Enough of the status quo

Peoples Gas has been emphatic that the ICC approve a program plan, preferably its status quo proposal, and in so doing, give the utility “regulatory clarity.” That is, Peoples Gas is demanding assurance that, if it follows a plan approved by regulators, that those regulators will in turn approve big increases to rates and to Peoples Gas profits when the utility asks.

Illinois has tried this approach, through the “QIP” law from 2013-2023, which essentially guaranteed that certain gas utility infrastructure spending and associated profits would be approved. The law led directly to an explosion of gas utility over-investment, record-breaking rate hikes, and record utility profits.

QIP was signed into law by then-Gov. Pat Quinn, who has a well-earned reputation as a utility watchdog, not lapdog. As I understand it, he and his advisors thought that throwing money at Peoples Gas was what it would take for the utility to finally address safety risks posed by its aging, leaky iron pipes.

Unfortunately, the opposite happened. Instead of more rapid pipe replacement or employing cost-effective alternatives to replacement, Peoples Gas spent billions of dollars on expanding and overhauling its entire system. The “regulatory clarity” provided by QIP super-charged incentives to utility managers to spend wastefully rather than spend effectively.

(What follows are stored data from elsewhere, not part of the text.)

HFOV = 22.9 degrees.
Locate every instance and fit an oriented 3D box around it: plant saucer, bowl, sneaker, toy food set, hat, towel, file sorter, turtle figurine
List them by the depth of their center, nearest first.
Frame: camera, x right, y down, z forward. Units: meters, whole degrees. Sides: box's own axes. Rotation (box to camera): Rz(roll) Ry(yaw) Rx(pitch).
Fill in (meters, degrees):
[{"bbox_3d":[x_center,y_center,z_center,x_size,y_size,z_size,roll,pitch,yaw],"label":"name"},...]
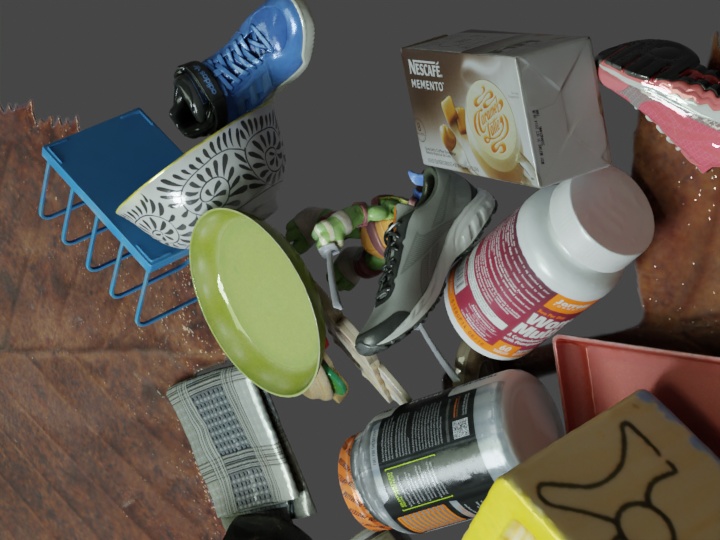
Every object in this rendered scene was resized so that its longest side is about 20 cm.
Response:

It’s time for the opposite approach. It’s time to stop rewarding repeated failure with record profits. Instead, the ICC should clarify that it will not approve Peoples Gas rate hikes and sustained record profits unless it can demonstrate transparently that its spending cost-effectively addresses the specific safety risks associated with aging leak-prone iron pipes. This should include the consideration of non-replacement alternatives, such as advanced leak detection and repair technologies or targeted pipe retirement paired with energy efficiency and building electrification.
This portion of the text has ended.